[[ EXERCISE DATA open ]]
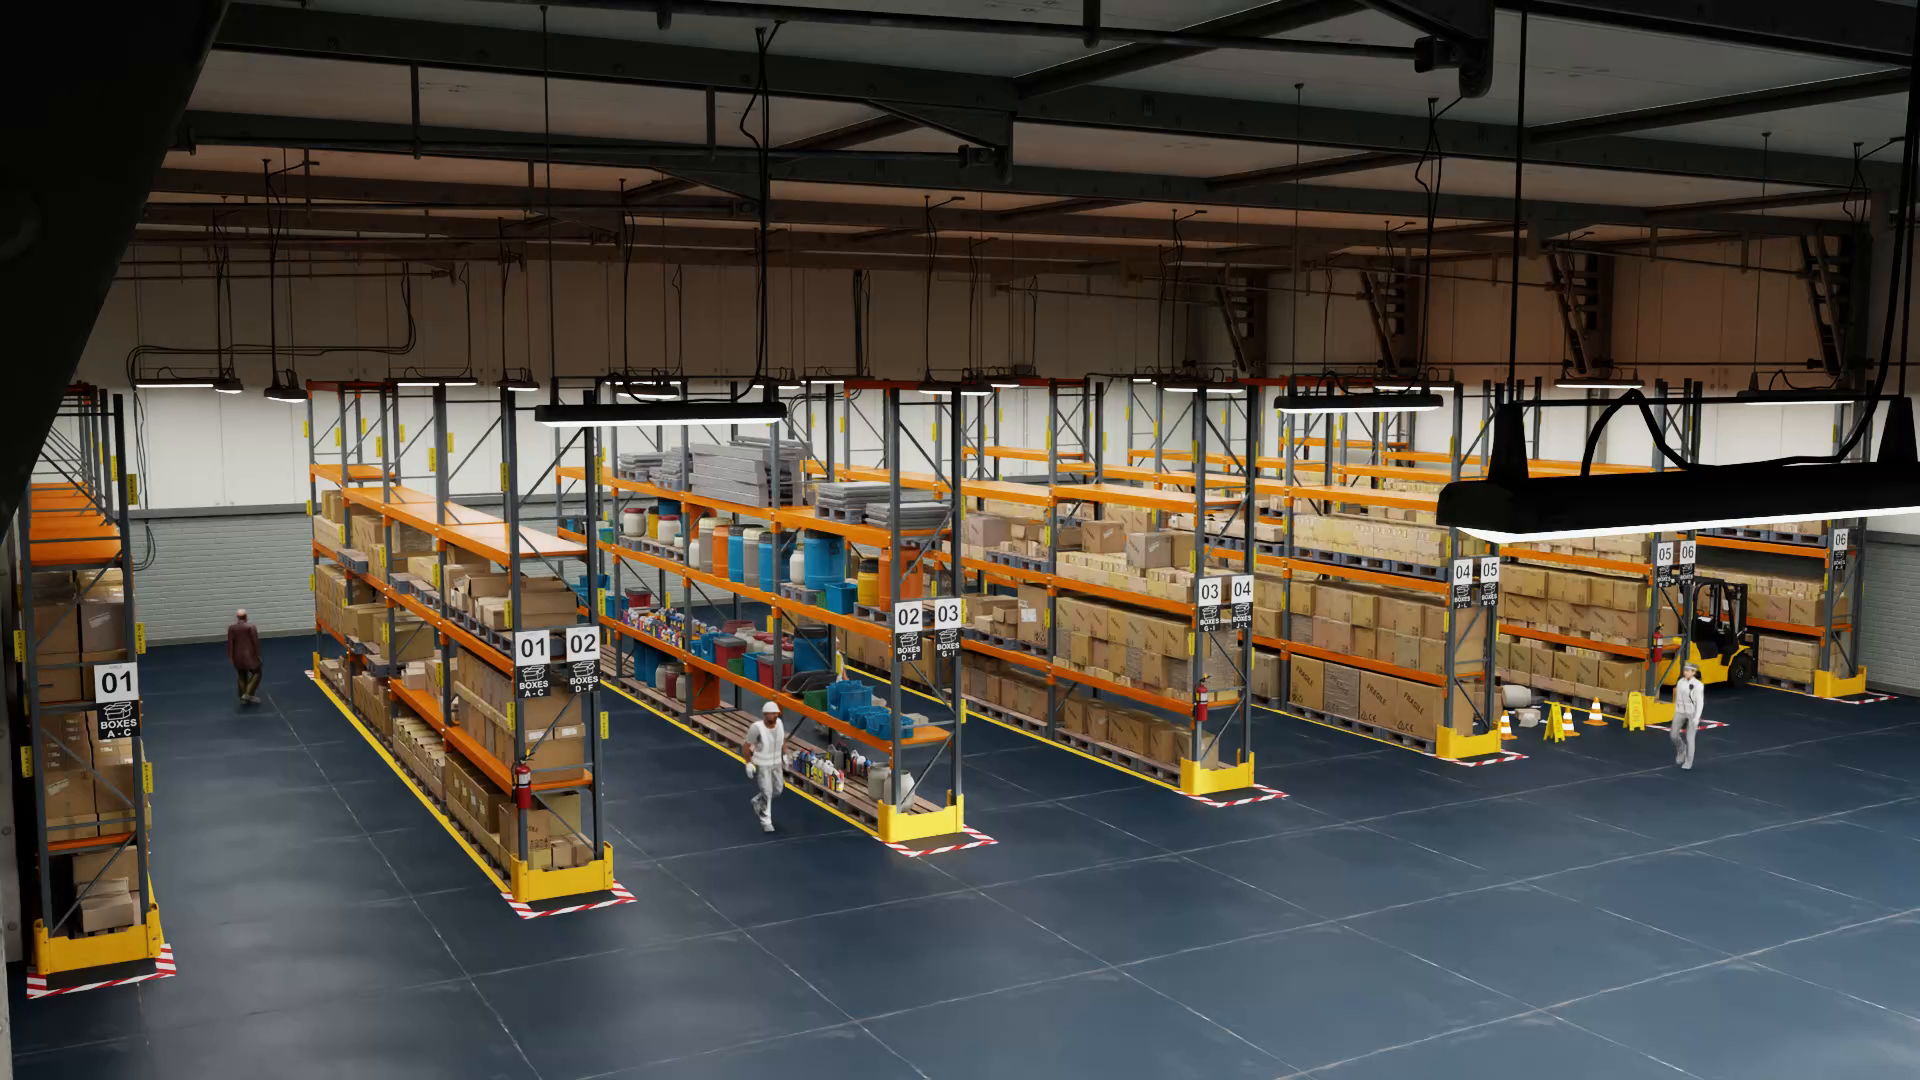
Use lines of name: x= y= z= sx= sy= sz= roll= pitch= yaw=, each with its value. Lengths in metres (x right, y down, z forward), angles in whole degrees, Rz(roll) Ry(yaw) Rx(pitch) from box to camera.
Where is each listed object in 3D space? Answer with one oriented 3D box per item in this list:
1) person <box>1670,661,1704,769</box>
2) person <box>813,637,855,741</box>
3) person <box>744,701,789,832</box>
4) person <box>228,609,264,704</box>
person: x=11.369 y=2.716 z=25.937 sx=0.466 sy=1.680 sz=0.447 roll=5 pitch=8 yaw=38
person: x=-2.082 y=2.466 z=27.960 sx=1.040 sy=1.729 sz=0.559 roll=4 pitch=7 yaw=31
person: x=-2.694 y=3.049 z=22.733 sx=0.719 sy=1.758 sz=0.639 roll=6 pitch=9 yaw=45
person: x=-13.283 y=2.220 z=30.878 sx=0.627 sy=1.678 sz=0.544 roll=1 pitch=6 yaw=5
[[ EXERCISE DATA closed ]]
**WHAT TO WORK ON**
Produce the full material again verbatim, with the pictures dropped.

**RESPONSE TO THIS EXERCISE**
Use lines of name: x= y= z= sx= sy= sz= roll= pitch= yaw=, each with its value. Lengths in metres (x right, y down, z forward), angles in whole degrees, Rz(roll) Ry(yaw) Rx(pitch) from box to camera.
Where is each listed object in 3D space? Answer with one oriented 3D box per item in this list:
1) person <box>1670,661,1704,769</box>
2) person <box>813,637,855,741</box>
3) person <box>744,701,789,832</box>
4) person <box>228,609,264,704</box>
person: x=11.369 y=2.716 z=25.937 sx=0.466 sy=1.680 sz=0.447 roll=5 pitch=8 yaw=38
person: x=-2.082 y=2.466 z=27.960 sx=1.040 sy=1.729 sz=0.559 roll=4 pitch=7 yaw=31
person: x=-2.694 y=3.049 z=22.733 sx=0.719 sy=1.758 sz=0.639 roll=6 pitch=9 yaw=45
person: x=-13.283 y=2.220 z=30.878 sx=0.627 sy=1.678 sz=0.544 roll=1 pitch=6 yaw=5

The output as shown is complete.